Otto Rehagel, Ottmar Hitzfeld, Matthias Sammer, Ralf Rangnick, Klaus Toppmöller, Lothar Matthäus, Walter Schachner - und am aller, aller liebsten natürlich Christoph Daum. Der Namen nicht wenige kreisten in den vergangenen Wochen über dem Geißbockheim. Und wäre der 1. FC Köln der FC Bayern München, hätte sich - bis zum Gewinn der Meisterschaft - wohl Präsident und Fußballlegende Wolfgang Overath persönlich wie weiland Franz Beckenbauer auf die Trainerbank gesetzt. Jedenfalls sollte es schon irgendwie ein Supermann sein, um den Kickern des Traditionsclub vom Rhein das Fußballspielen wieder etwas näher zu bringen. Jetzt ist es ein Trainer aus der Super League, der schweizerischen, geworden. Hanspeter Latour heißt der neue Chefcoach, den der abstiegsbedrohte Bundesligist gestern präsentierte. Der vom ebenfalls neuen Vereinsmanager Michael Meier angekündigte Überraschungscoup ist gelungen.

"Real Madrid wäre eine Herausforderung", hatte der in der Alpenrepublik recht populäre Latour, der einst mit dem FC Solothurn immerhin die gesamtschweizerische Wertung für Fairness gewinnen konnte und bislang bei Grasshoppers Zürich unter Vertrag stand, erst unlängst geäußert. Nun darf er sich stattdessen am FC versuchen. Die notwendige Grundqualifikation dürfte der 58-jährige Übungsleiter für diese Aufgabe besitzen: Es heißt über Latour, keiner könne den Traum vom Erfolg auch im Misserfolg so charmant verkaufen wie er. Außerdem, so verriet Latour unlängst in einem Interview, geht der frühere Torhüter auch noch in die Kirche. Das käme zwar nur "drei- bis viermal pro Jahr" vor. Aber: "Es tut jedes Mal gut." Der Segen des ausgewiesenen FC-Fans Joachim Meisner dürfte ihm also gewiss sein - was in einer Domstadt auch nicht ganz unwichtig ist.

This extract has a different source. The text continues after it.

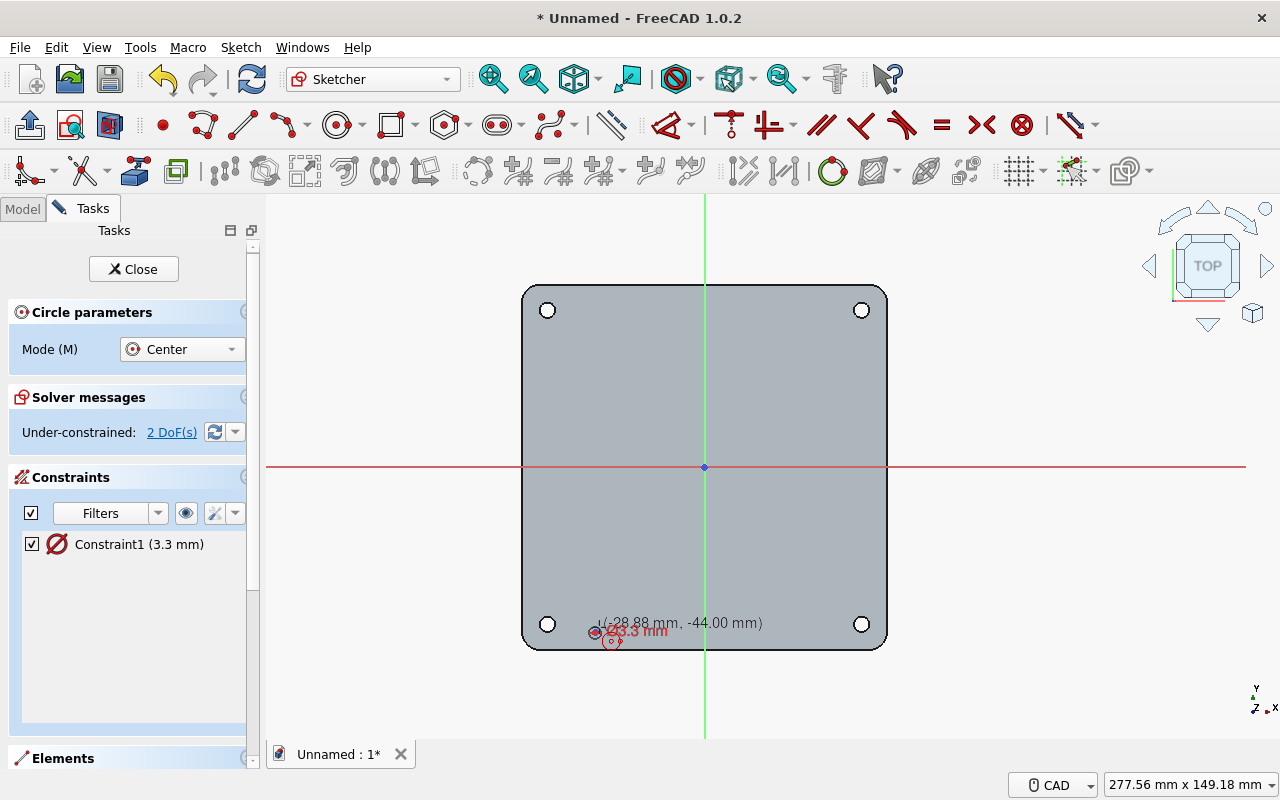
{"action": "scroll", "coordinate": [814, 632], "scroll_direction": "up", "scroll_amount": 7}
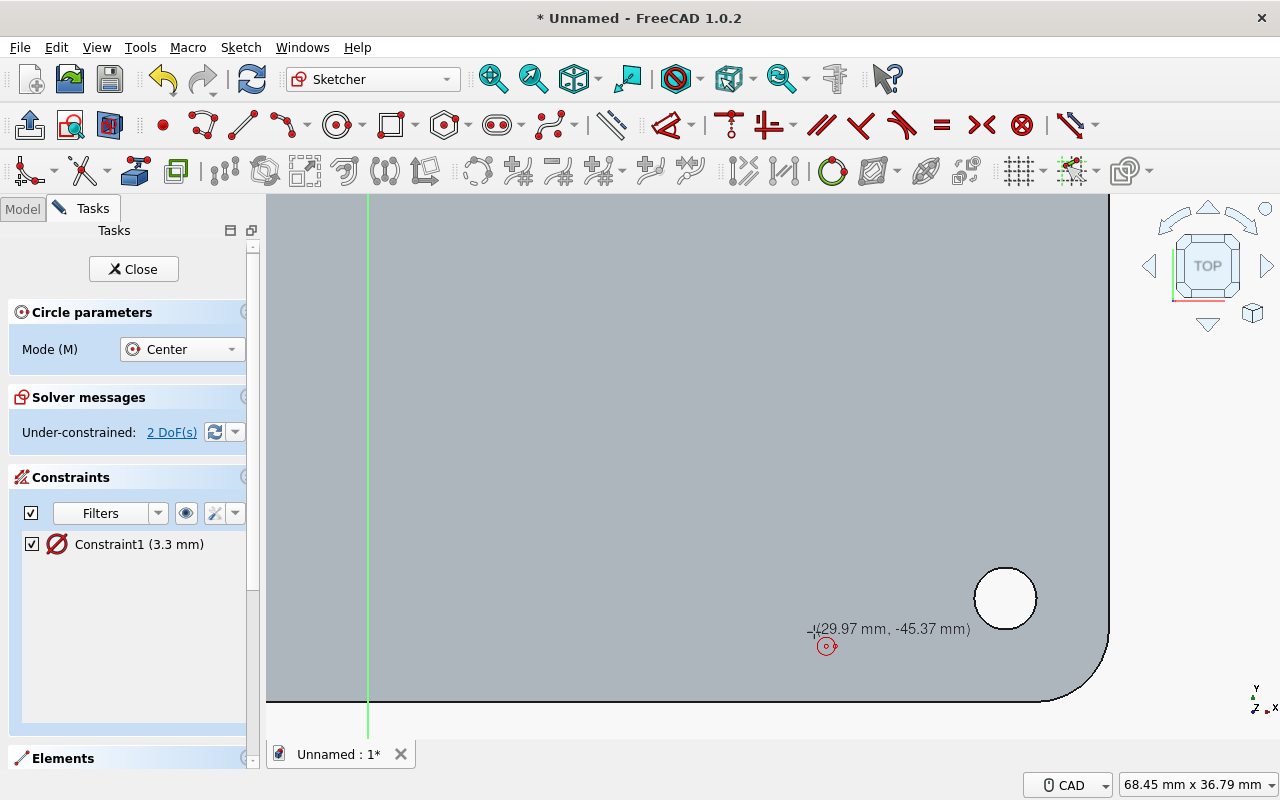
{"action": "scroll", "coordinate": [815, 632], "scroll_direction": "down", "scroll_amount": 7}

"Er ist begeisterungsfähig, leidenschaftlich, authentisch, Stress erfahren und hat die Kraft, Widerstände zu überwinden, die kommen werden", charakterisierte Manager Meier bei der gestrigen Präsentation den Nachfolger des kurz vor der Winterpause entlassenen Uwe Rapolder. Was Meier vergaß zu erwähnen: Die Geißböcke haben ja bereits schon einmal außergewöhnlich gute Erfahrungen mit einem Ex-Grasshopper-Trainer gemacht. Immerhin gilt der Schweizer Marc Koller als der Entdecker der großen FC-Talente Lukas Podolski und Lukas Sinkiewicz.

Schade nur, dass mit Koller die Kölner damals nichts desto trotz aus der Bundesliga abstiegen. Aber auch das dürfte für seinen Landsmann kein Problem sein. Sein Vertrag gilt erst einmal bis zum 30. Juni 2007. Bis dahin könnte Latour den Wiederaufstieg geschafft haben. Immerhin konnte er vor ein paar Jahren sogar den Provinzclub FC Thun in die Super League bringen.